千頭 視点によって変わります。ビジネス面では、我々はメディアや流通に対しての営業力が少なく問題になっていたのですが、角川ゲームスさんはそこのノウハウをお持ちなので、我々のマイナス面をプラスに転化してくれるという点。もうひとつは、これまではPS VitaやPSPのソフトを自社で開発することができませんでしたが、それが可能になったという点ですね。プロデュース面で見ても、もともとダンジョンRPGは“ロールプレイ(役割演技)”が主体になっていたものなので、弊社ではボイスやグラフィックに関してのノウハウがあまりなかったり、“ロールプレイ”に慣れていない比較的カジュアルなユーザーを視野に入れていなかったりしてきた分けですが、角川ゲームスさんはそちらの経験も積まれていますので、両社でプロデュースを進めることで、コアユーザーだけでなく比較的幅広い層に楽しんでいただけるものに進化させることができると感じています。

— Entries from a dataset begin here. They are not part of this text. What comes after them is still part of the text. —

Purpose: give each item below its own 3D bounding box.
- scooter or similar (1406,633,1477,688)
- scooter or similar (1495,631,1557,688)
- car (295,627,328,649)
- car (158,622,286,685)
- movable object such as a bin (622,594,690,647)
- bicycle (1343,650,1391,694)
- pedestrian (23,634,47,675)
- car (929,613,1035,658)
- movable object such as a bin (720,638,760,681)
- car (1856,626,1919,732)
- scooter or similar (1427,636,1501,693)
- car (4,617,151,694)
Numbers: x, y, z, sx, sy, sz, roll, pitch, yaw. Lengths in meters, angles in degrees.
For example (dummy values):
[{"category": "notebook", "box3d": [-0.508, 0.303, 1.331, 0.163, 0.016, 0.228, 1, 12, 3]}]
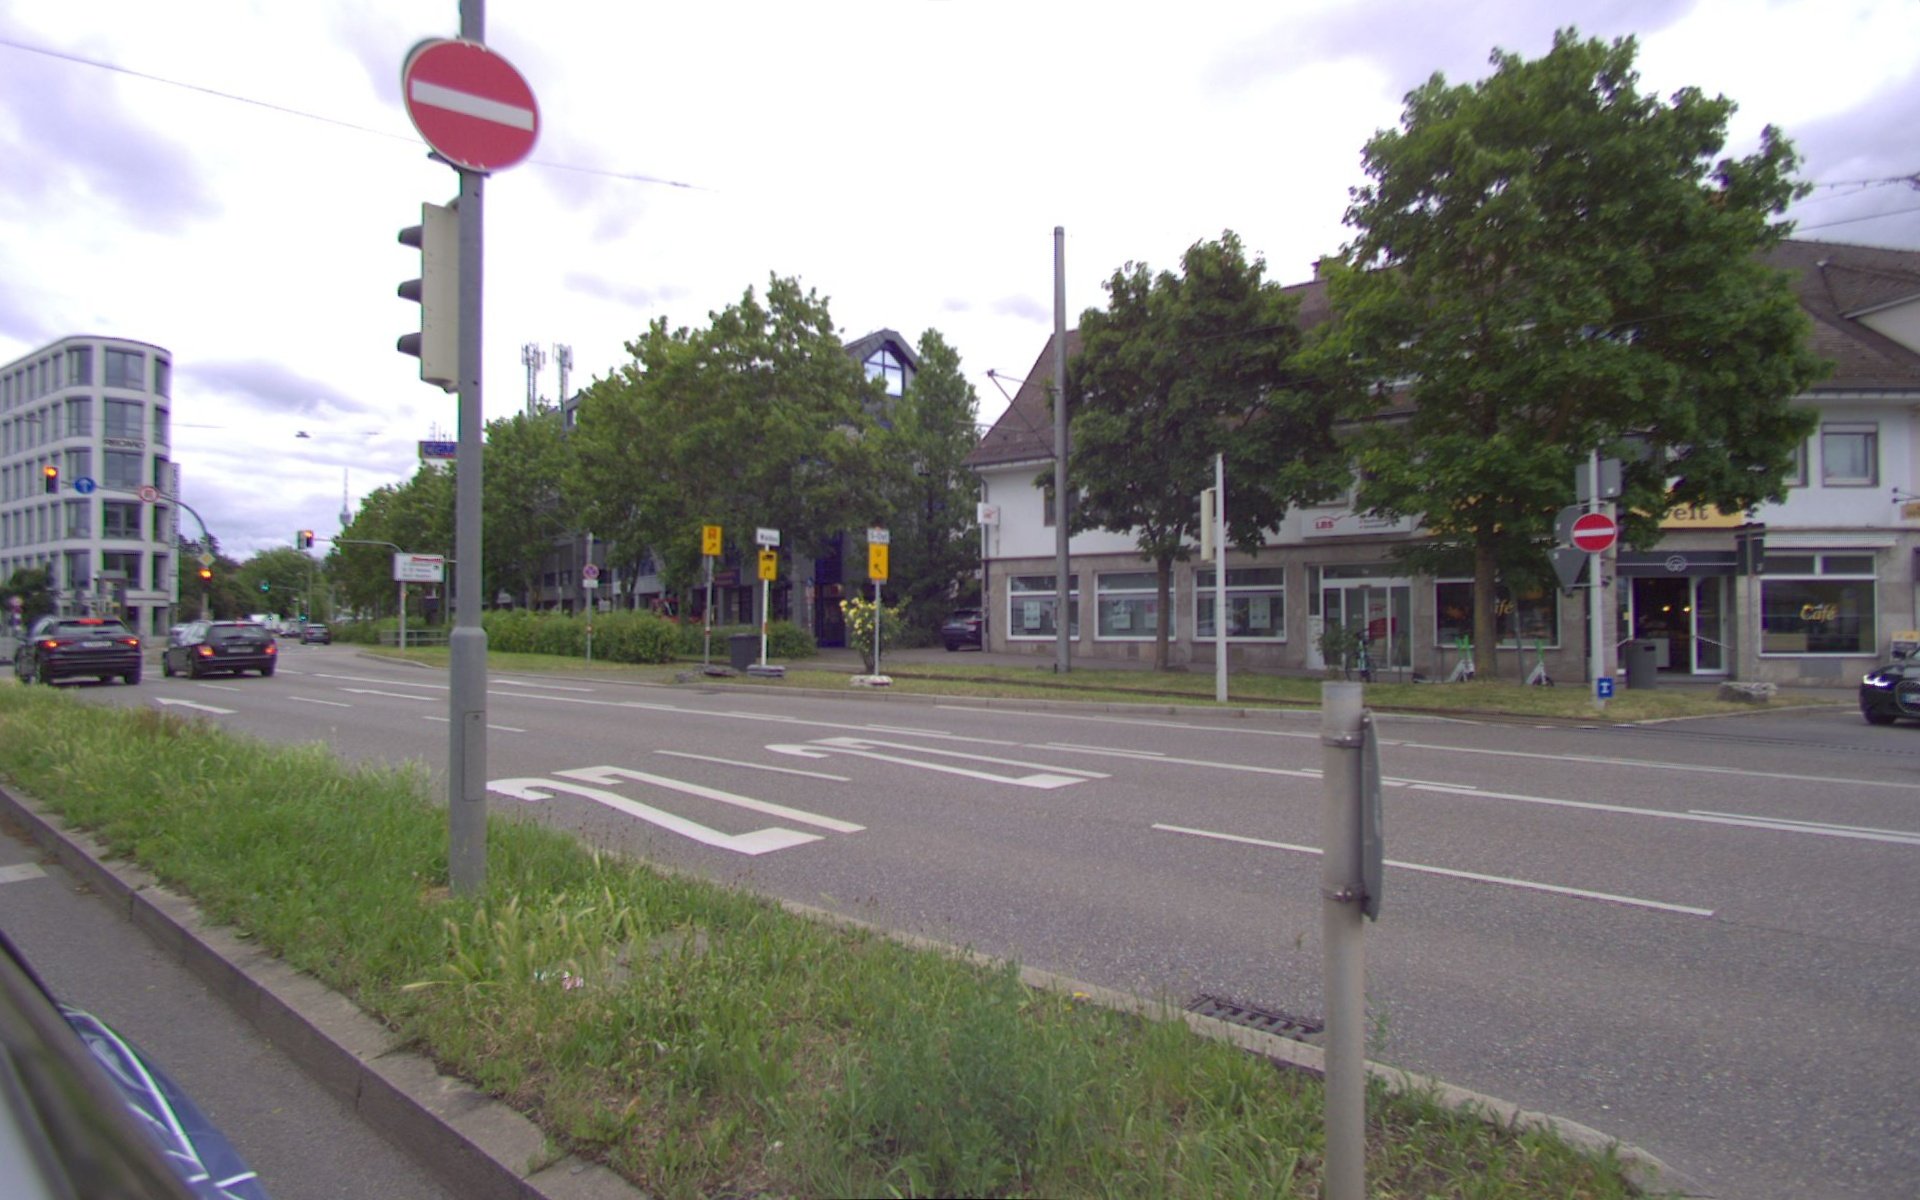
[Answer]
[{"category": "scooter or similar", "box3d": [10.048, 1.253, 21.141, 0.594, 1.094, 1.178, 1, -2, -39]}, {"category": "scooter or similar", "box3d": [11.190, 1.162, 20.017, 0.418, 1.094, 0.993, 1, -2, -43]}, {"category": "car", "box3d": [-50.066, 2.929, 78.102, 1.760, 1.549, 4.405, -1, -1, -37]}, {"category": "car", "box3d": [-19.059, 1.374, 26.064, 4.394, 1.436, 1.764, -3, -2, 42]}, {"category": "movable object such as a bin", "box3d": [-15.386, 1.028, 51.037, 1.881, 2.551, 4.135, 1, -2, -39]}, {"category": "bicycle", "box3d": [8.075, 1.423, 20.064, 0.424, 0.811, 1.244, -2, -2, 44]}, {"category": "pedestrian", "box3d": [-44.530, 2.624, 48.718, 0.745, 1.932, 0.589, 4, -6, -40]}, {"category": "car", "box3d": [0.854, 1.268, 36.695, 1.856, 1.436, 3.952, -3, -1, 37]}, {"category": "movable object such as a bin", "box3d": [-5.373, 1.442, 24.721, 0.838, 1.020, 0.557, -2, -2, 42]}, {"category": "car", "box3d": [14.777, 1.055, 14.114, 4.602, 1.391, 1.832, 1, -2, -27]}, {"category": "scooter or similar", "box3d": [9.787, 1.238, 19.673, 0.483, 1.053, 1.179, 1, -2, -35]}, {"category": "car", "box3d": [-20.433, 1.274, 23.379, 4.391, 1.576, 1.869, -3, -2, 40]}]

――役割としては、ゲーム本編の開発はエクスペリエンスが、パブリッシュや演出などを角川ゲームスが行われているということですか?

千頭 大きくはそういう形ですね。また、ベースの企画は我々が担当していますが、システムやシナリオ、バランスなど、既存のファンだけでなく幅広い層へアピールできる点に関しても、角川ゲームスさんと相談しながらプロデュースを進めさせていただいております。

――多くのゲームファンは、良質のダンジョンRPGを手掛けるソフトハウス、という認識を持っていると思います。ダンジョンRPG作りでこだわっている部分をお聞かせください。

千頭 いちばん力を入れている部分は、快適性も含めて“ハックアンドスラッシュ”(※)ですね。

エクスペリエンスが新たなダンジョンRPGに挑む! 千頭元代表取締役社長が“DRPG PROGRESS”について語る_02

――ダンジョンRPGの魅力はどこだと思われますか?

千頭 ライトユーザーに対しては短所になってしまうかもしれませんが、ロールプレイが最大の魅力ですね。与えられた主人公や装備ではなく、自分で思う容姿や設定など、自分の想像で遊べるところだと思います。

――なるほど。コミュニティーサイトでユーザーから意見を募るなど、ユーザーといっしょにゲームを作っている印象ですが、これもエクスペリエンスのポリシーのひとつなのでしょうか?

千頭 そうですね。エクスペリエンスはクリエイティブを売りにする集団ではないと思っています。もちろんクリエイティブなことはしていますが、自分たちのクリエイティビティ溢れる作品を楽しんでくださいというのではなく、出来る限りユーザーが求めているものを制作していきたいと考えてきました。ですから、すべてを反映できるかは別として、つねにユーザーからいろいろな意見を挙げていただいて、そのなかから汲み取ったもので我々が作れるものを作る。いわば料理人のような存在かもしれませんね(笑)。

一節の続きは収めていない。